--- Problem requirements ---
Your answer should be the lines of the data below that contain "object".

[Opening Source material section]

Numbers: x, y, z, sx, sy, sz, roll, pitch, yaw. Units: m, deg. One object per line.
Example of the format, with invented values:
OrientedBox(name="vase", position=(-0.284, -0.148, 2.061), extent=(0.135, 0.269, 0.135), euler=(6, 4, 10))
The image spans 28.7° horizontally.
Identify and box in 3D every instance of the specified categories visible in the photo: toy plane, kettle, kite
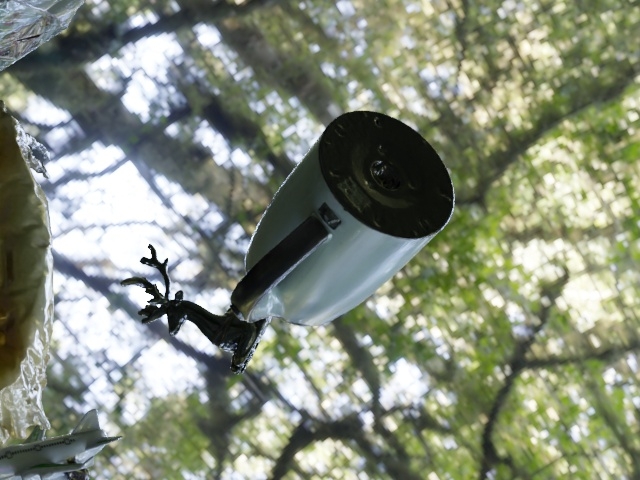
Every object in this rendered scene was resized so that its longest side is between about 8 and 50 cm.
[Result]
OrientedBox(name="toy plane", position=(-0.454, 0.363, 2.036), extent=(0.255, 0.101, 0.251), euler=(-22, -163, -26))
OrientedBox(name="kettle", position=(0.000, 0.000, 1.362), extent=(0.221, 0.161, 0.236), euler=(-35, 172, -42))
OrientedBox(name="kite", position=(-0.385, -0.209, 1.397), extent=(0.250, 0.012, 0.229), euler=(-30, 173, -36))

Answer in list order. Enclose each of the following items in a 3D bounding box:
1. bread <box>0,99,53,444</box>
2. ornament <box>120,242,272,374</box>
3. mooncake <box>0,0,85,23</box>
OrientedBox(name="bread", position=(-0.411, 0.033, 1.361), extent=(0.183, 0.236, 0.388), euler=(125, -37, -63))
OrientedBox(name="ornament", position=(-0.186, 0.079, 1.972), extent=(0.202, 0.236, 0.080), euler=(-63, 179, -40))
OrientedBox(name="mooncake", position=(-0.418, -0.320, 1.608), extent=(0.275, 0.135, 0.275), euler=(-26, 178, -1))

[Closing Source material section]

--- Result of this exercise ---
Numbers: x, y, z, sx, sy, sz, roll, pitch, yaw. Units: m, deg. One object per line.
Every object in this rendered scene was resized so that its longest side is between about 8 and 50 cm.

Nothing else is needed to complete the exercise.